During the recent Ethereum Core Developer live meeting, the topics the team discussed included the Ropsten fork for Constantinople and the Programmatic Proof-of-Work [ProgPow]. The discussion led by Hudson Jameson, the communications officer of the Foundation, included Afri Schoedon, Lane Rettig, Martin Holst Swende, Ben Burns, Zak Cole, Brooklyn Zelenka and other key developers of the foundation.
The team started the meeting by discussing the Ropsten fork for Constantinople.

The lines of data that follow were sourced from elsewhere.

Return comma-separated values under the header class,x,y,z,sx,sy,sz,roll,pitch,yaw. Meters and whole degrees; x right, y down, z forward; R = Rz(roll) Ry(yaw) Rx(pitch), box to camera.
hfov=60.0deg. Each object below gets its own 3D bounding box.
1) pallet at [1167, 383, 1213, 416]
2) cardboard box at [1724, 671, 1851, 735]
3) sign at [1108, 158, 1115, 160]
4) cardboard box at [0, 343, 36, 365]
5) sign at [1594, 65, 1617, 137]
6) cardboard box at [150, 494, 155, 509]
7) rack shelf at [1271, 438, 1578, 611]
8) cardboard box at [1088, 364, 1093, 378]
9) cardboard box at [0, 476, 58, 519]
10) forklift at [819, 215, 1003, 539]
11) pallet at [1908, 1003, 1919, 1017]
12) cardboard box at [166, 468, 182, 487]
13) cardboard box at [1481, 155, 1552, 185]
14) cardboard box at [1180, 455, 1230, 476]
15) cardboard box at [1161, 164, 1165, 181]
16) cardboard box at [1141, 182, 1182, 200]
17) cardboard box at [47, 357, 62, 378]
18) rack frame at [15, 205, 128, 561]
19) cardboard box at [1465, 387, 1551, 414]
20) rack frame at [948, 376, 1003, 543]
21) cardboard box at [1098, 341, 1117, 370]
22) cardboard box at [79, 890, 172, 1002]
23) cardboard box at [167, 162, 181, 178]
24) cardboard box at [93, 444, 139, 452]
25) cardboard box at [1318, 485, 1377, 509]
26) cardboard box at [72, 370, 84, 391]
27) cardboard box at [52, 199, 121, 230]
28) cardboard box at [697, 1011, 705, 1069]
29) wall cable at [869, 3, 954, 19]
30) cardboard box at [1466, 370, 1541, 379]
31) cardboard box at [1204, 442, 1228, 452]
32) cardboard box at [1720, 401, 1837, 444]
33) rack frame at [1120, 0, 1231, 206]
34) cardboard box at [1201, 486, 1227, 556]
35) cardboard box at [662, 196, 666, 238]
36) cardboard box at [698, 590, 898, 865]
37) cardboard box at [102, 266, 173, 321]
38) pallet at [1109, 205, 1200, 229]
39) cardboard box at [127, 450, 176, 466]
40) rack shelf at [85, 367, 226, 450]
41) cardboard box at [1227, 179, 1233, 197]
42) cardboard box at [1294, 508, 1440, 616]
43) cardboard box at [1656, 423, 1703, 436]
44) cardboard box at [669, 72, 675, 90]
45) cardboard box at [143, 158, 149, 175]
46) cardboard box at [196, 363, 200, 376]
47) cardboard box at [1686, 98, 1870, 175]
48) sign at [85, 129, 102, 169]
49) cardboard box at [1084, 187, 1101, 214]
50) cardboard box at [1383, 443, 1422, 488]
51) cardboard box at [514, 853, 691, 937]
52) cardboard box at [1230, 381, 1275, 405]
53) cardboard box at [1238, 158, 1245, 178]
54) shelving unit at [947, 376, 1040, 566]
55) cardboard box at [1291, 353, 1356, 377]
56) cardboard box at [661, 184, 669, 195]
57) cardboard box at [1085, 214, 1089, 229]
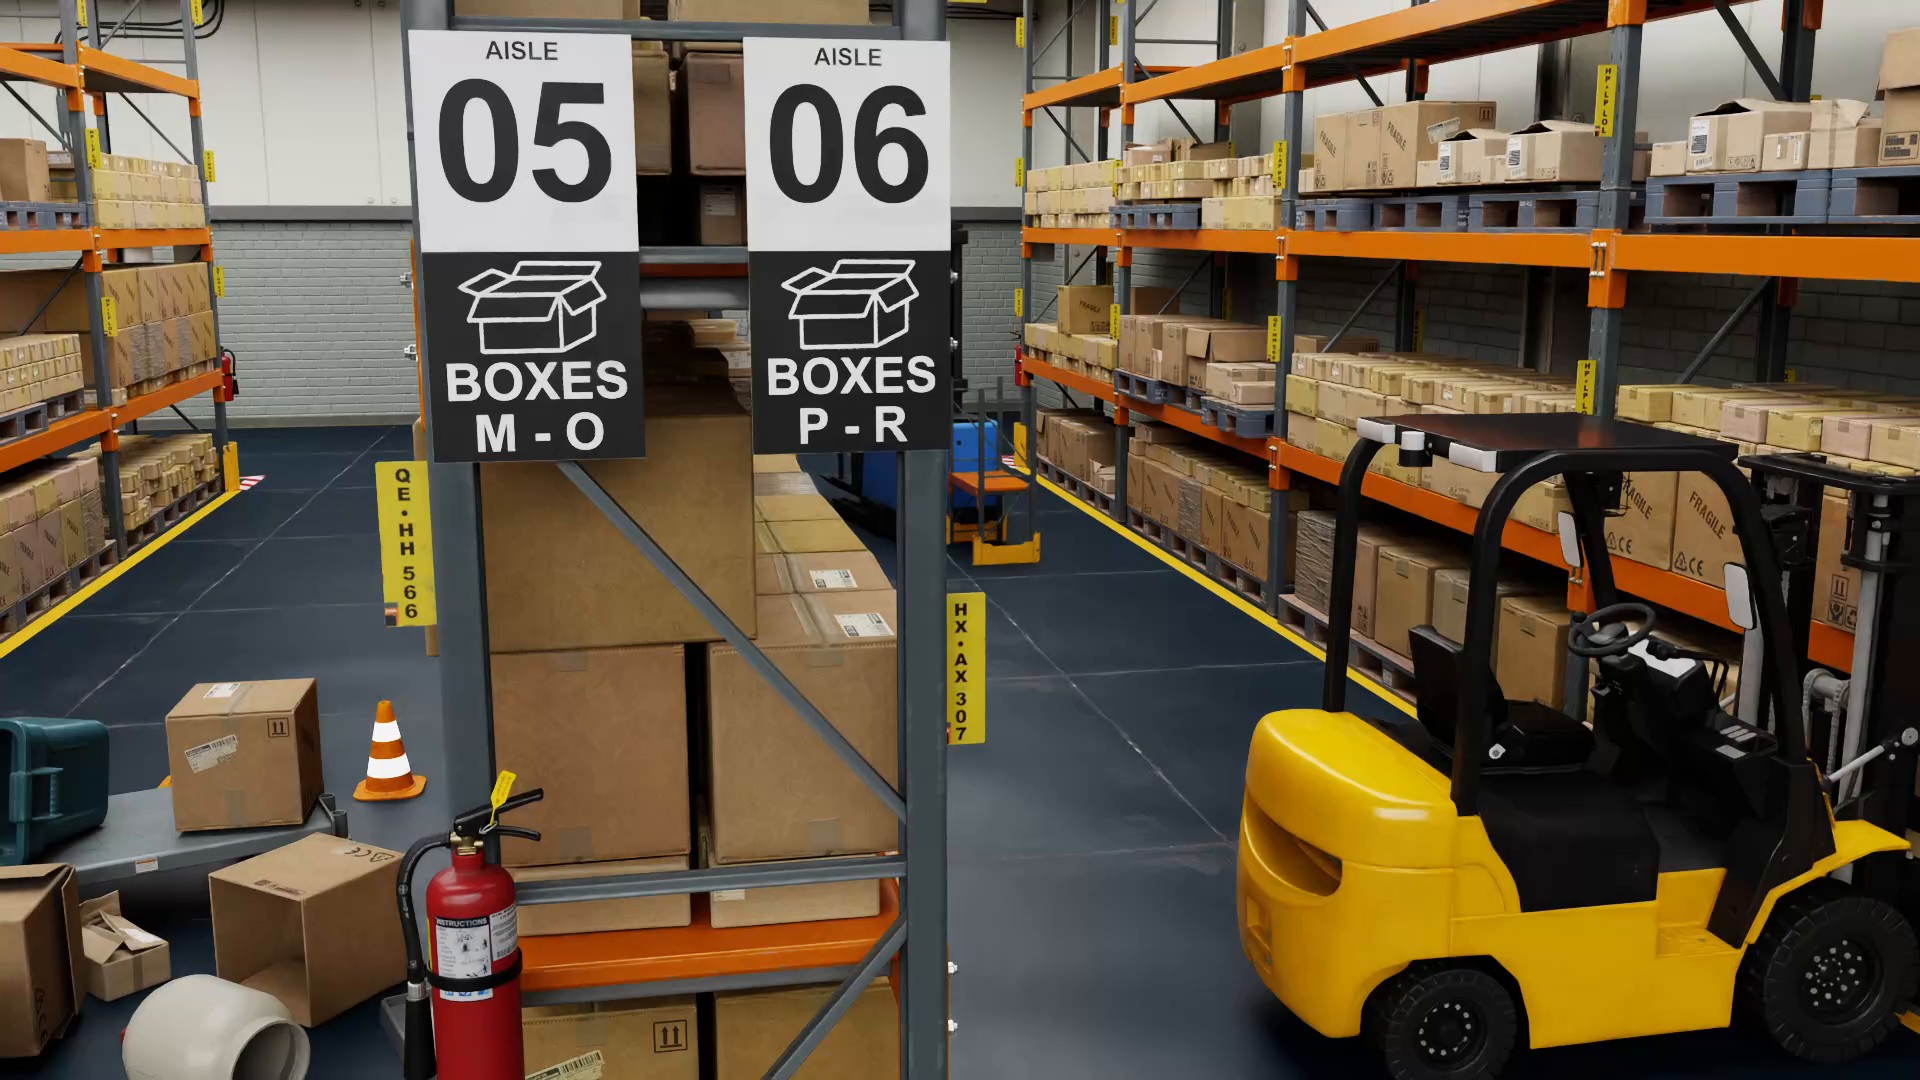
class,x,y,z,sx,sy,sz,roll,pitch,yaw
pallet,2.401,-1.195,14.017,1.003,0.211,1.213,-2,11,-11
cardboard box,3.546,0.740,6.898,0.500,0.250,0.500,-2,11,-9
sign,1.776,-4.325,19.558,0.100,0.325,0.005,-2,11,-11
cardboard box,-7.232,-1.405,12.566,0.380,0.149,0.250,-2,11,-13
sign,3.031,-2.059,7.800,0.100,0.325,0.005,-2,11,-11
cardboard box,-7.790,-0.356,15.599,0.380,0.149,0.250,-3,11,-13
rack shelf,3.173,-0.212,10.266,1.077,0.370,4.000,-2,11,-11
cardboard box,1.525,-1.735,17.014,0.380,0.149,0.250,-2,11,-10
cardboard box,-7.102,-0.314,12.436,0.500,0.250,0.500,-3,11,-14
forklift,-0.624,-1.686,16.270,1.130,2.935,3.031,-4,12,-22
pallet,3.916,1.543,6.580,1.003,0.211,1.213,-2,11,-11
cardboard box,-7.765,-0.598,16.078,0.380,0.149,0.250,-2,11,-10
cardboard box,3.050,-1.995,8.968,0.380,0.149,0.250,-2,11,-11
cardboard box,2.130,-0.650,14.472,0.380,0.149,0.250,-2,11,-9
cardboard box,1.946,-3.162,14.301,0.380,0.149,0.250,-2,11,-10
cardboard box,1.801,-3.061,14.570,0.380,0.149,0.250,-2,11,-10
cardboard box,-7.329,-1.356,13.103,0.380,0.149,0.250,-2,11,-9
rack frame,-7.698,-1.286,13.985,1.000,3.000,0.127,-2,11,-11
cardboard box,3.032,-0.758,9.208,0.380,0.149,0.250,-2,11,-13
rack frame,0.139,-0.720,15.020,0.500,1.500,0.032,-3,11,-15
cardboard box,1.667,-1.823,16.411,0.500,0.250,0.500,-2,11,-10
cardboard box,-3.253,1.553,6.380,0.396,0.266,0.258,9,14,38
cardboard box,-7.963,-3.671,16.488,0.380,0.149,0.250,-2,11,-10
cardboard box,-8.483,-0.870,16.709,0.380,0.149,0.250,-3,11,-14
cardboard box,2.988,-0.336,12.822,0.380,0.149,0.250,-2,11,-8
cardboard box,-7.427,-1.303,13.625,0.380,0.149,0.250,-2,11,-12
cardboard box,-7.529,-2.781,14.216,0.500,0.250,0.500,-2,11,-8
cardboard box,-0.625,1.509,5.530,0.500,0.250,0.500,-1,11,-7
wall cable,-1.545,-6.338,24.383,2.988,3.039,0.133,-2,11,-11
cardboard box,3.363,-0.967,10.306,0.380,0.149,0.250,-2,11,-9
cardboard box,2.472,-0.814,15.330,0.380,0.149,0.250,-2,11,-10
cardboard box,3.480,-0.501,7.063,0.380,0.149,0.250,-2,11,-10
rack frame,2.006,-4.613,15.420,1.000,3.000,0.127,-2,11,-11
cardboard box,2.299,-0.168,13.675,0.500,0.500,0.500,-2,11,-9
cardboard box,-0.907,-1.177,6.062,0.380,0.149,0.250,-3,11,-13
cardboard box,-0.349,0.424,3.938,0.500,0.500,0.500,-2,11,-12
cardboard box,-7.829,-2.347,15.819,0.500,0.500,0.500,-3,11,-13
pallet,2.064,-2.925,15.076,1.213,0.211,1.003,-2,11,-11
cardboard box,-7.920,-0.790,16.286,0.380,0.149,0.250,-3,11,-13
rack shelf,-8.087,-1.300,15.980,1.077,0.370,4.000,-2,11,-11
cardboard box,2.331,-2.773,13.111,0.380,0.149,0.250,-2,11,-11
cardboard box,2.892,0.143,11.705,0.875,0.625,0.625,-2,11,-9
cardboard box,3.418,-0.451,7.595,0.380,0.149,0.250,-2,11,-10
cardboard box,-0.813,-1.519,5.724,0.380,0.149,0.250,-2,11,-12
cardboard box,-7.790,-3.480,15.487,0.380,0.149,0.250,-2,11,-13
cardboard box,-8.060,-1.755,17.118,0.380,0.149,0.250,-2,11,-12
cardboard box,3.484,-1.722,7.103,0.500,0.311,0.500,-2,11,-10
sign,-7.155,-3.228,13.729,0.100,0.325,0.005,-2,11,-11
cardboard box,1.555,-3.386,16.602,0.500,0.250,0.500,-3,11,-13
cardboard box,2.930,-0.487,10.185,0.500,0.250,0.500,-2,11,-9
cardboard box,-0.811,0.779,3.808,0.380,0.149,0.250,-2,11,-9
cardboard box,2.280,-1.122,12.670,0.380,0.149,0.250,-2,11,-10
cardboard box,2.370,-2.874,12.843,0.380,0.149,0.250,-2,11,-12
shelving unit,0.267,-0.629,14.546,0.587,1.500,1.083,-3,11,-15
cardboard box,2.557,-1.231,11.693,0.380,0.149,0.250,-2,11,-9
cardboard box,-0.772,-1.306,5.671,0.500,0.250,0.500,-2,11,-12
cardboard box,1.491,-3.261,17.011,0.380,0.149,0.250,-2,11,-9

Here, at the time of discussion, the fork was around 3,000 blocks away and only one fork is going to occur on the network, unlike the two forks decided for Constantinople, with the other fork named Petersburg.
The second fork was introduced to disable the Ethereum Improvement Protocol in which issues were identified hours before the previous schedule for Constantinople that was set to occur in January 2019. The updated version for both Geth and Parity was released by the respective teams this week.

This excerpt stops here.